Data flow: Threekit ? Prodigy
Use Threekit configuration data, including selected options, customer interactions, and final product combinations, as input for Prodigy labeling workflows. Data science teams can annotate which configurations lead to higher conversion, lower returns, or stronger engagement, then train models that recommend the most relevant product options to shoppers.
Data flow: Threekit ? Prodigy
Generate standardized product renders from Threekit and send them to Prodigy for defect or compliance labeling. Manufacturing and quality teams can annotate visual issues such as missing parts, incorrect finishes, invalid combinations, or packaging inconsistencies to train inspection models used in production or catalog validation.
Data flow: Threekit ? Prodigy ? ML pipeline
When customers interact with Threekit experiences, the resulting configuration images can be routed into Prodigy for labeling and model training. Teams can build models that detect product attributes from user generated or rendered visuals, enabling automated enrichment of product records, faster search indexing, and improved content moderation.
Data flow: Prodigy ? Threekit
Use Threekit generated product imagery as the source dataset and Prodigy active learning to prioritize the most informative images for labeling.
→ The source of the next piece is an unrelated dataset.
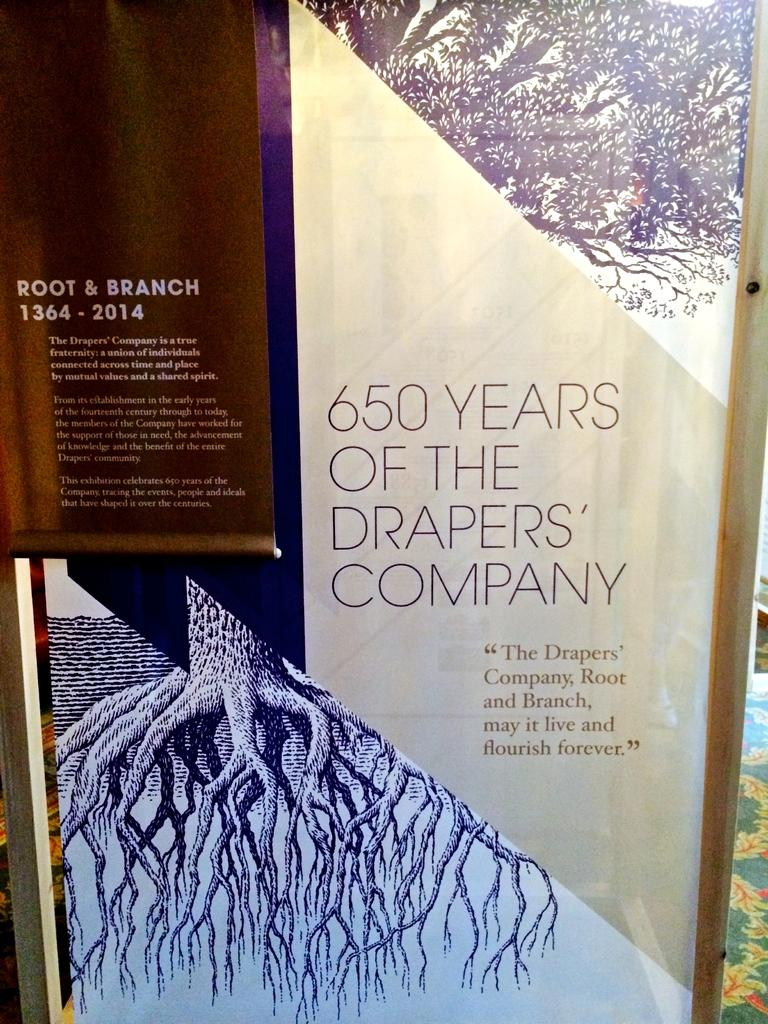<image>
Render a clear and concise summary of the photo. A poster on which is written "650 Years of the Drapers Company".

As models improve, the system can feed back poorly classified or ambiguous product views from Threekit into Prodigy for additional annotation, creating a continuous training loop.
Data flow: Threekit ? Prodigy
Export AR placement scenes from Threekit into Prodigy so teams can label product context, placement accuracy, room type, scale, and surrounding objects. These annotations can train models that improve AR recommendations, spatial fit estimation, or scene understanding for home furnishing, retail, and industrial use cases.
Data flow: Threekit ? Prodigy ? business systems
When Threekit generates new product variants or visual assets, Prodigy can be used to label exceptions such as unsupported combinations, missing metadata, or inconsistent imagery. Business and data teams can then use the labeled results to correct upstream product data, improve PIM quality, and prevent invalid configurations from reaching customers.
Data flow: Threekit ? Prodigy
Use Threekit product configurations and visual variants to generate labeled examples for NLP and multimodal AI models in Prodigy. Teams can annotate customer intents, product descriptors, and visual attribute references to train assistants that help shoppers find, compare, and customize products through natural language.